- **Directions**
Pull every line with "present" from the data below and copy it.

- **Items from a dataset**
########

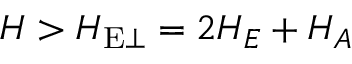Convert formula to latex. <formula><loc_0><loc_0><loc_500><loc_500>H > H _ { E \perp } = 2 H _ { E } + H _ { A }</formula> 
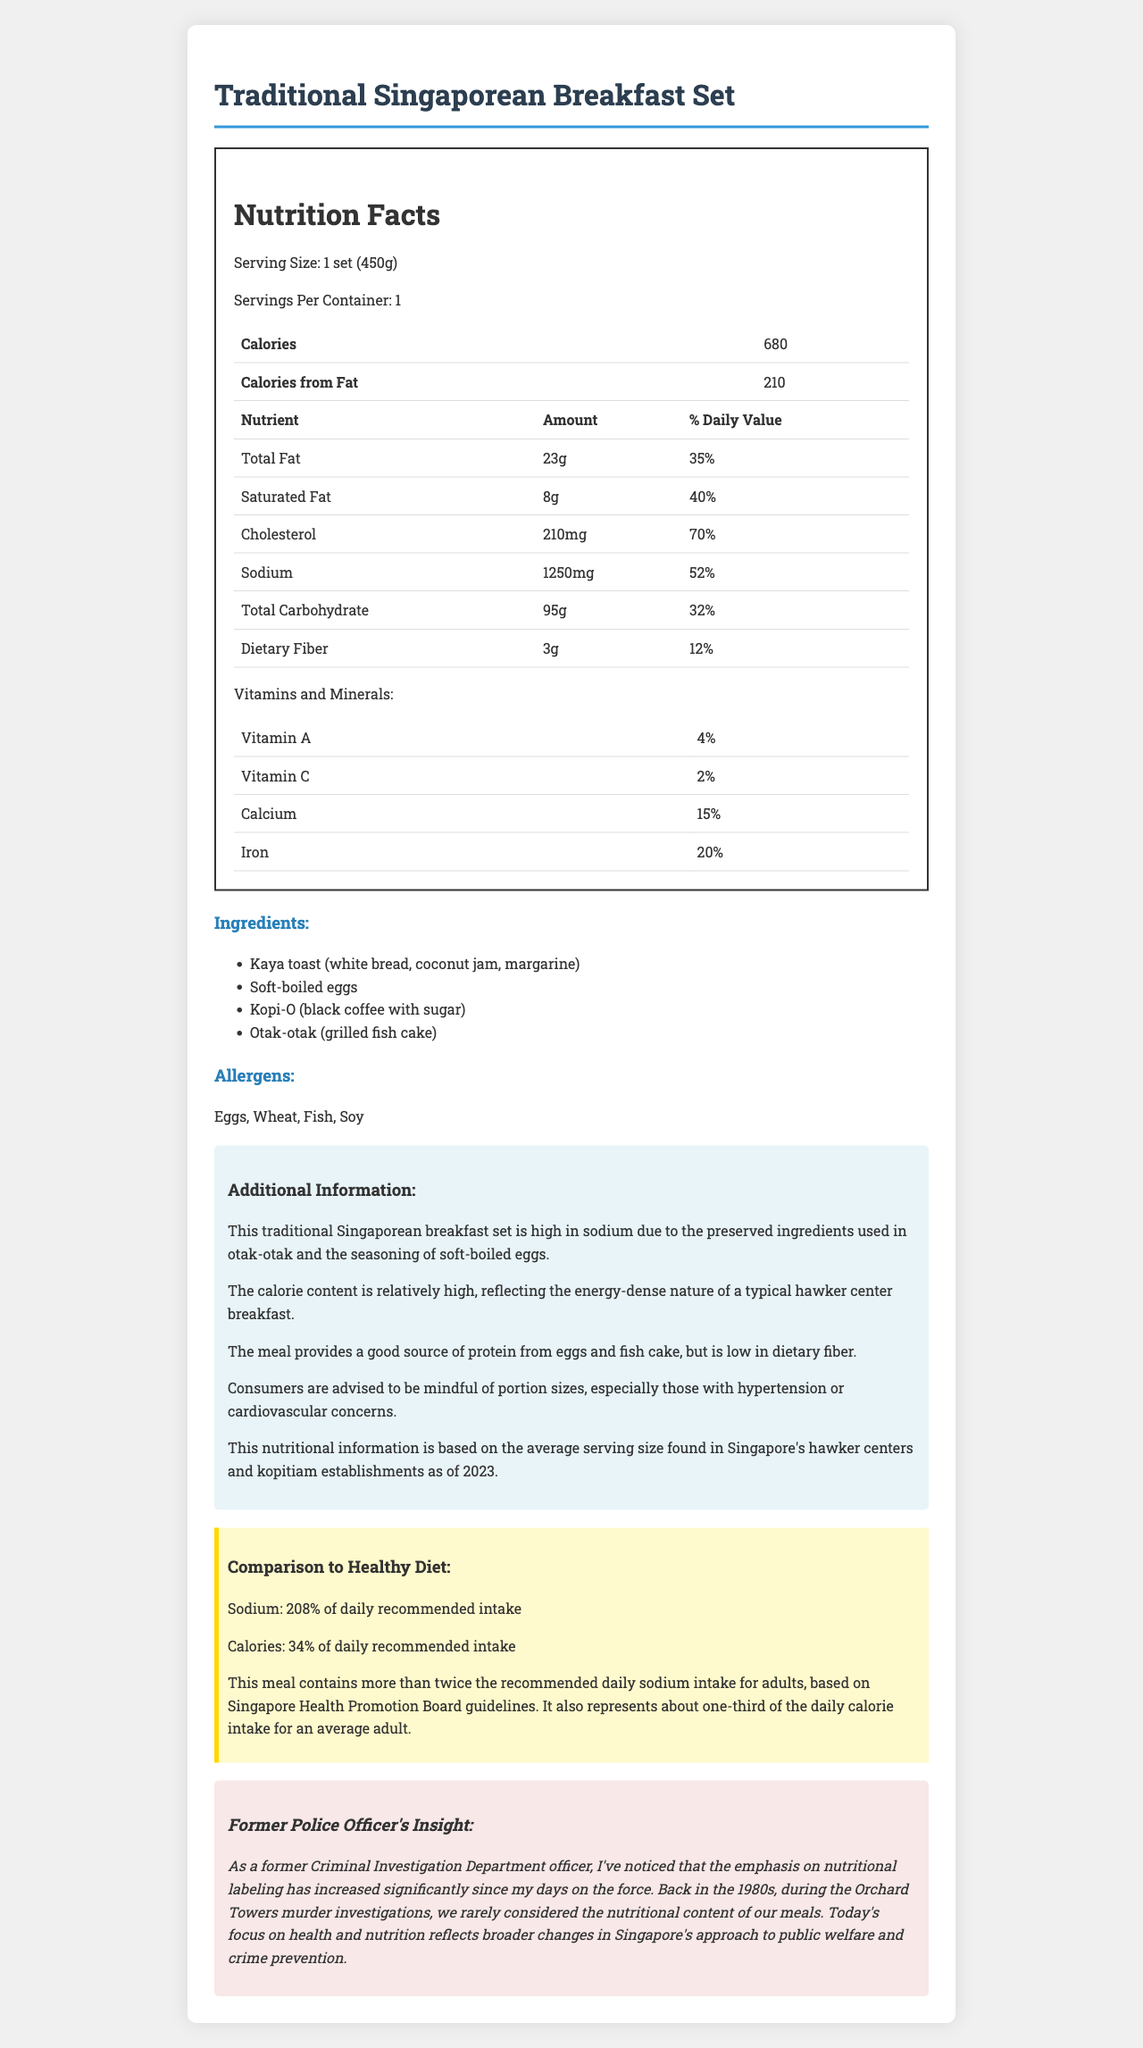what is the serving size of the Traditional Singaporean Breakfast Set? The serving size is specified in the document under the "Serving Size" section.
Answer: 1 set (450g) How many calories are in one Traditional Singaporean Breakfast Set? The calorie content is mentioned in the "Calories" section of the document.
Answer: 680 What is the amount of total fat in grams? The amount of total fat is shown in the "Total Fat" row under the "Nutrition Facts" table.
Answer: 23g What percentage of the daily recommended intake of sodium does this meal contain? This percentage is highlighted in the "Comparison to Healthy Diet" section.
Answer: 208% Can you list the allergens present in this breakfast set? The allergens are listed clearly under the "Allergens" section.
Answer: Eggs, Wheat, Fish, Soy How much protein is present in the Traditional Singaporean Breakfast Set? This information can be found in the "Protein" row within the nutrient table.
Answer: 25g What are the main ingredients in this breakfast set? A. Eggs, Toast, Coffee, Cake B. Kaya toast, Soft-boiled eggs, Kopi-O, Otak-otak C. Omelette, Toast, Tea, Pudding D. Kaya toast, Hard-boiled eggs, Tea, Otak-otak The main ingredients are listed under the "Ingredients" section.
Answer: B. Kaya toast, Soft-boiled eggs, Kopi-O, Otak-otak Which of the following nutrients is not present in significant quantity in the breakfast set? A. Cholesterol B. Dietary Fiber C. Calcium D. Sugars The "Sugars" row in the nutrient table shows that it has no specified daily value percentage, indicating it is not present in significant quantity.
Answer: D. Sugars Is this breakfast set high in sodium? The additional information explicitly states that this set is high in sodium.
Answer: Yes Summarize the main points of the Nutrition Facts Label for the Traditional Singaporean Breakfast Set. The summary covers the detailed breakdown of the meal's nutritional content, ingredients, allergens, additional health implications, and a comparison to dietary recommendations, providing a comprehensive overview of what the document contains.
Answer: The document details the nutritional information for a Traditional Singaporean Breakfast Set, including calorie content, fat, sodium, and other nutrients. The meal contains 680 calories, 23g of total fat, and a high sodium content at 1250mg, which is 208% of the daily recommended intake. It also lists the meal's ingredients, allergens, additional information on its high sodium and calorie content, and a comparison to a healthy diet. The document concludes with an insight from a former police officer regarding changes in nutritional awareness over the years. What is the exact amount of Vitamin C in milligrams in the meal? The document only provides the daily value percentage for Vitamin C but not the exact amount in milligrams.
Answer: Cannot be determined What is the daily value percentage for iron in the Traditional Singaporean Breakfast Set? This is shown in the "Vitamins and Minerals" section under the "Iron" row.
Answer: 20% 
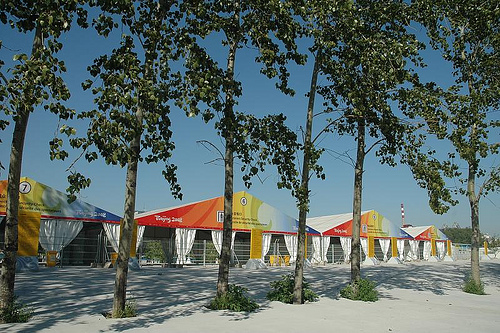<image>
Is the tree next to the stand? Yes. The tree is positioned adjacent to the stand, located nearby in the same general area. 
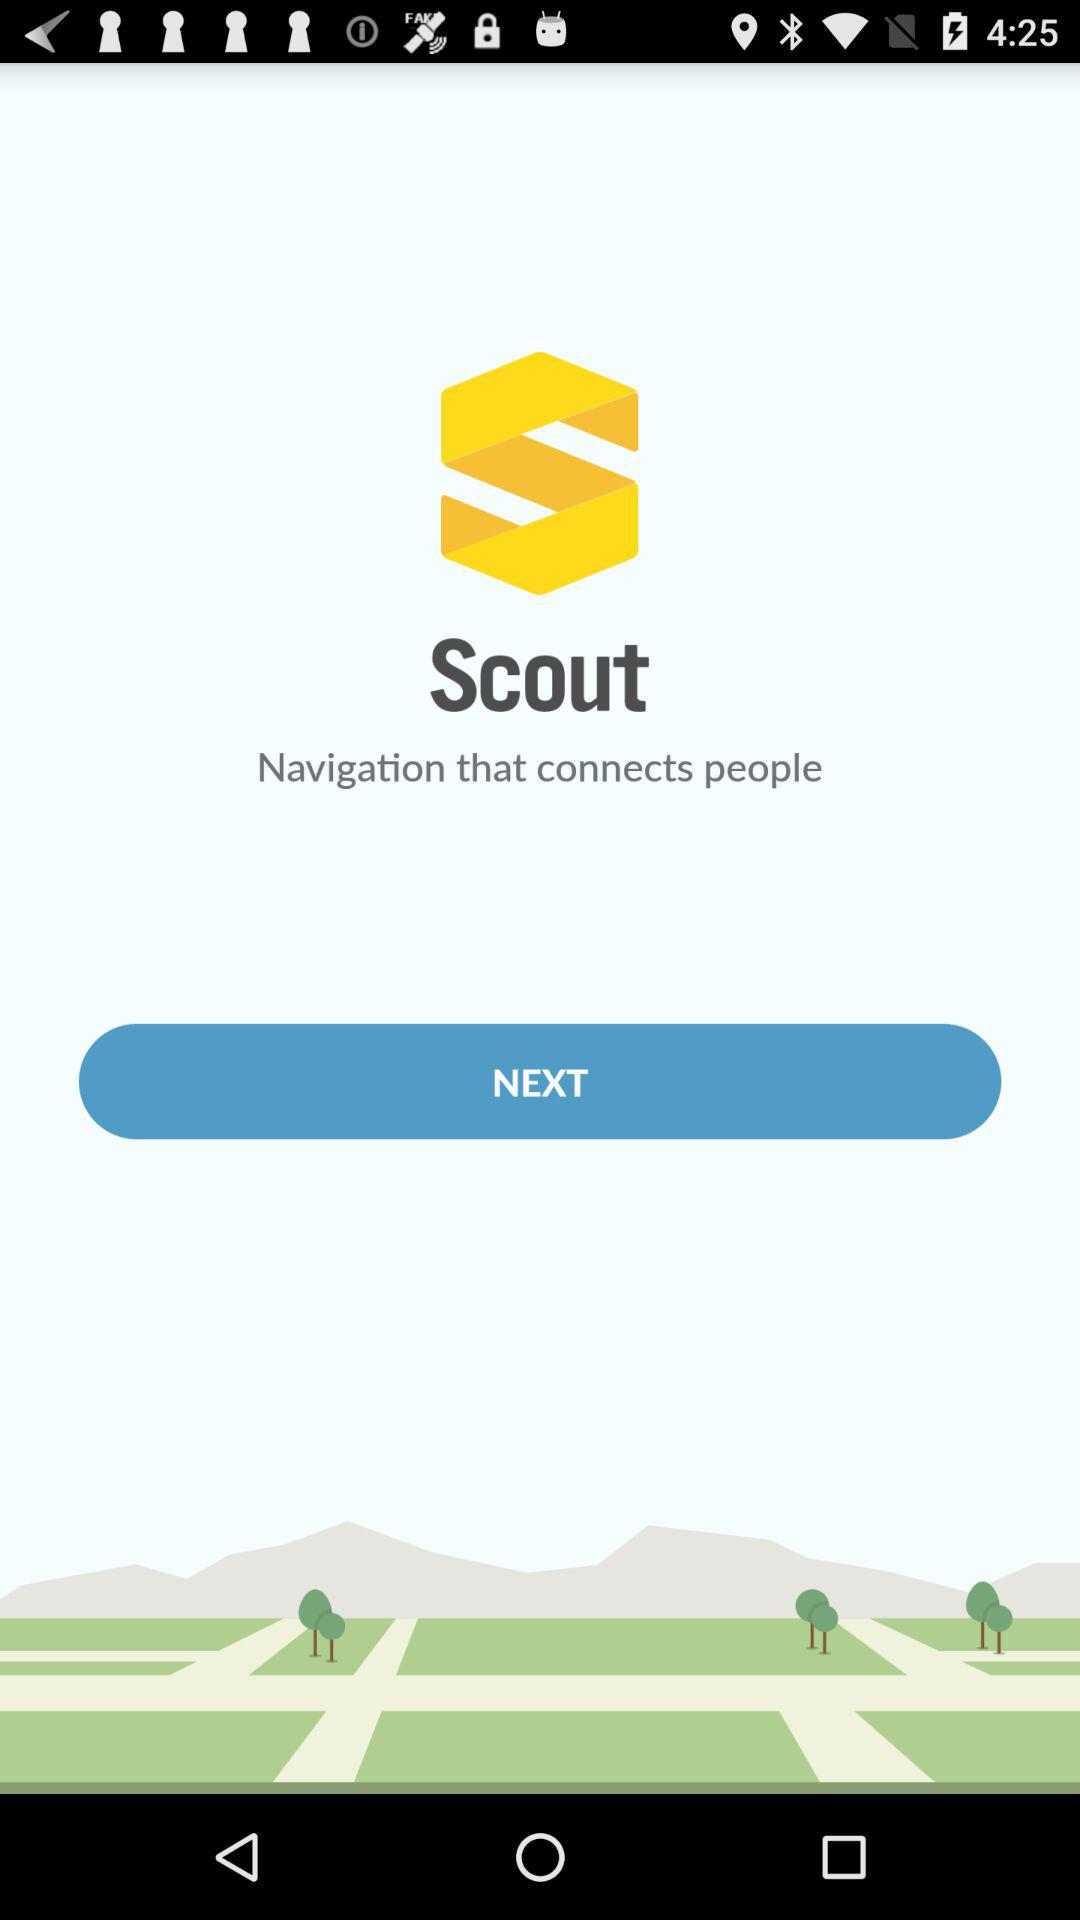What is the name of the application? The name of the application is "Scout". 
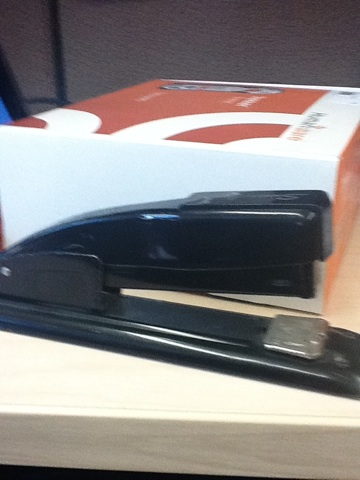Can you tell me more about what is in this image? Certainly! The image shows a black stapler placed on a table, with what appears to be a box of printer paper in the background. The stapler is a standard desktop model commonly used in offices and homes. How does a stapler work? A stapler works by forcing a metal staple through sheets of paper placed beneath its head. When you press down on the top, a hammer inside the stapler pushes the staple through the paper and against a metal plate that bends the staple’s ends inward, securing the sheets together. To use it, you insert a stack of paper, press down on the top of the stapler, and the staple is driven through the paper. 
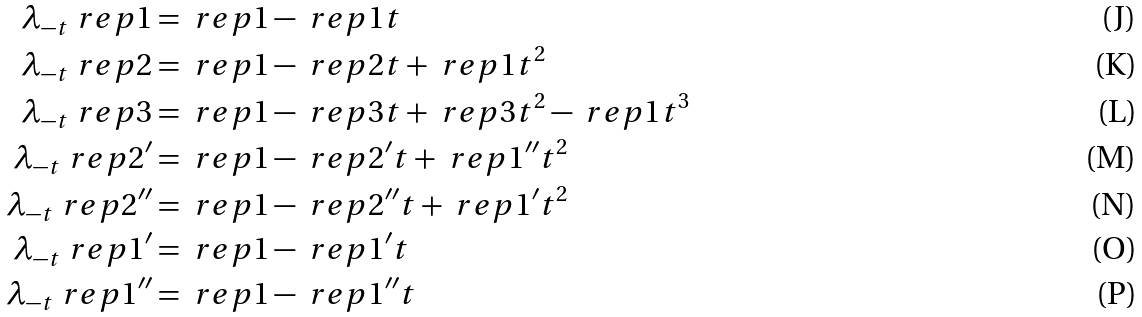Convert formula to latex. <formula><loc_0><loc_0><loc_500><loc_500>\lambda _ { - t } \ r e p { 1 } & = \ r e p { 1 } - \ r e p { 1 } t \\ \lambda _ { - t } \ r e p { 2 } & = \ r e p { 1 } - \ r e p { 2 } t + \ r e p { 1 } t ^ { 2 } \\ \lambda _ { - t } \ r e p { 3 } & = \ r e p { 1 } - \ r e p { 3 } t + \ r e p { 3 } t ^ { 2 } - \ r e p { 1 } t ^ { 3 } \\ \lambda _ { - t } \ r e p { 2 ^ { \prime } } & = \ r e p { 1 } - \ r e p { 2 ^ { \prime } } t + \ r e p { 1 ^ { \prime \prime } } t ^ { 2 } \\ \lambda _ { - t } \ r e p { 2 ^ { \prime \prime } } & = \ r e p { 1 } - \ r e p { 2 ^ { \prime \prime } } t + \ r e p { 1 ^ { \prime } } t ^ { 2 } \\ \lambda _ { - t } \ r e p { 1 ^ { \prime } } & = \ r e p { 1 } - \ r e p { 1 ^ { \prime } } t \\ \lambda _ { - t } \ r e p { 1 ^ { \prime \prime } } & = \ r e p { 1 } - \ r e p { 1 ^ { \prime \prime } } t</formula> 
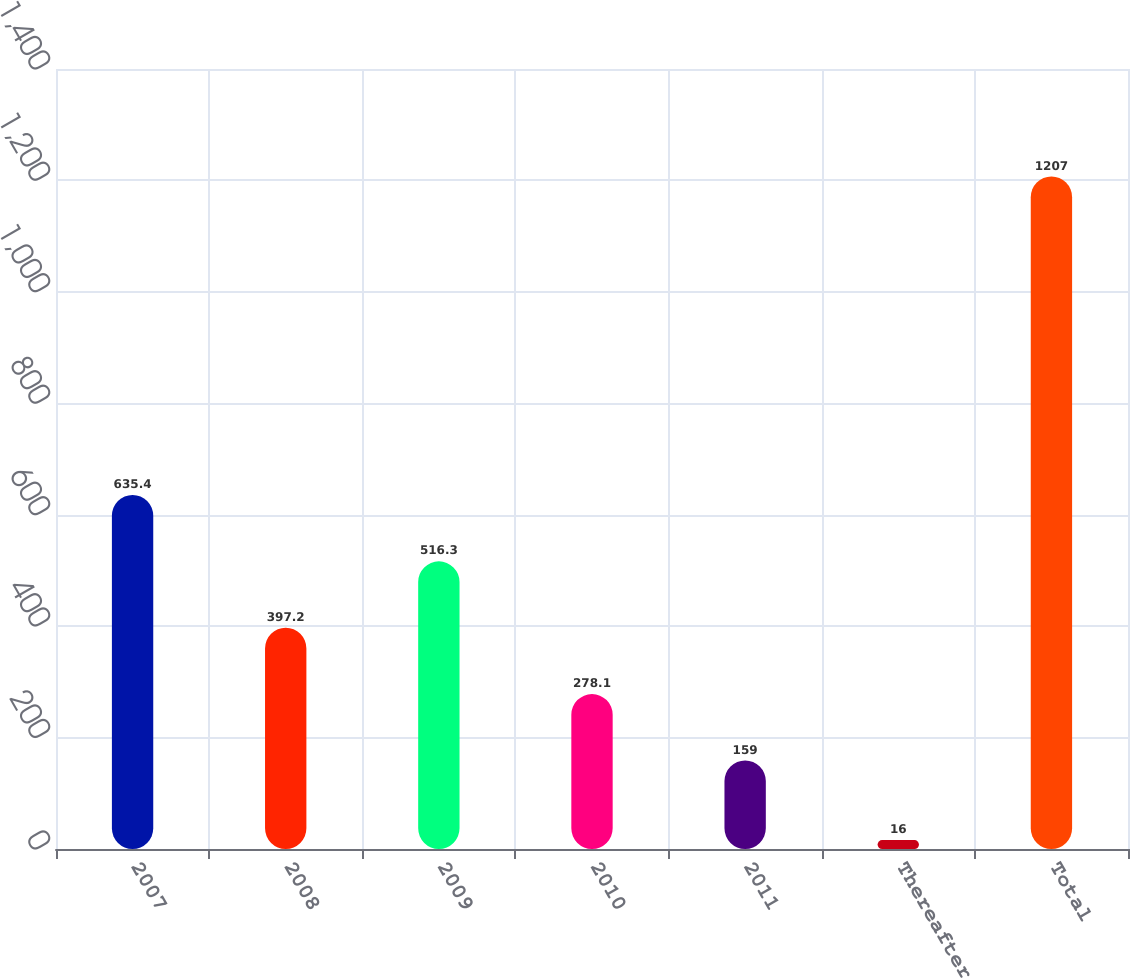Convert chart to OTSL. <chart><loc_0><loc_0><loc_500><loc_500><bar_chart><fcel>2007<fcel>2008<fcel>2009<fcel>2010<fcel>2011<fcel>Thereafter<fcel>Total<nl><fcel>635.4<fcel>397.2<fcel>516.3<fcel>278.1<fcel>159<fcel>16<fcel>1207<nl></chart> 
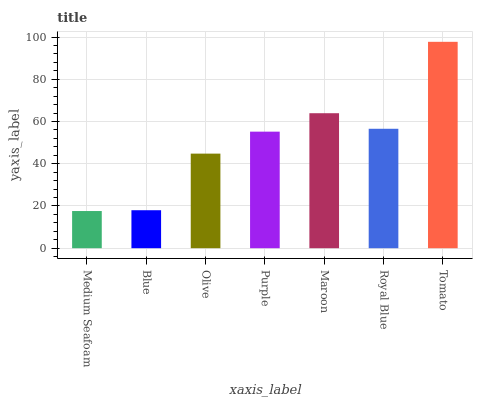Is Medium Seafoam the minimum?
Answer yes or no. Yes. Is Tomato the maximum?
Answer yes or no. Yes. Is Blue the minimum?
Answer yes or no. No. Is Blue the maximum?
Answer yes or no. No. Is Blue greater than Medium Seafoam?
Answer yes or no. Yes. Is Medium Seafoam less than Blue?
Answer yes or no. Yes. Is Medium Seafoam greater than Blue?
Answer yes or no. No. Is Blue less than Medium Seafoam?
Answer yes or no. No. Is Purple the high median?
Answer yes or no. Yes. Is Purple the low median?
Answer yes or no. Yes. Is Olive the high median?
Answer yes or no. No. Is Olive the low median?
Answer yes or no. No.

########

- **Task solution**
Answer: 208% Can you list the allergens present in this breakfast set? The allergens are listed clearly under the "Allergens" section.
Answer: Eggs, Wheat, Fish, Soy How much protein is present in the Traditional Singaporean Breakfast Set? This information can be found in the "Protein" row within the nutrient table.
Answer: B. Kaya toast, Soft-boiled eggs, Kopi-O, Otak-otak Which of the following nutrients is not present in significant quantity in the breakfast set? A. Cholesterol B. Dietary Fiber C. Calcium D. Sugars The "Sugars" row in the nutrient table shows that it has no specified daily value percentage, indicating it is not present in significant quantity.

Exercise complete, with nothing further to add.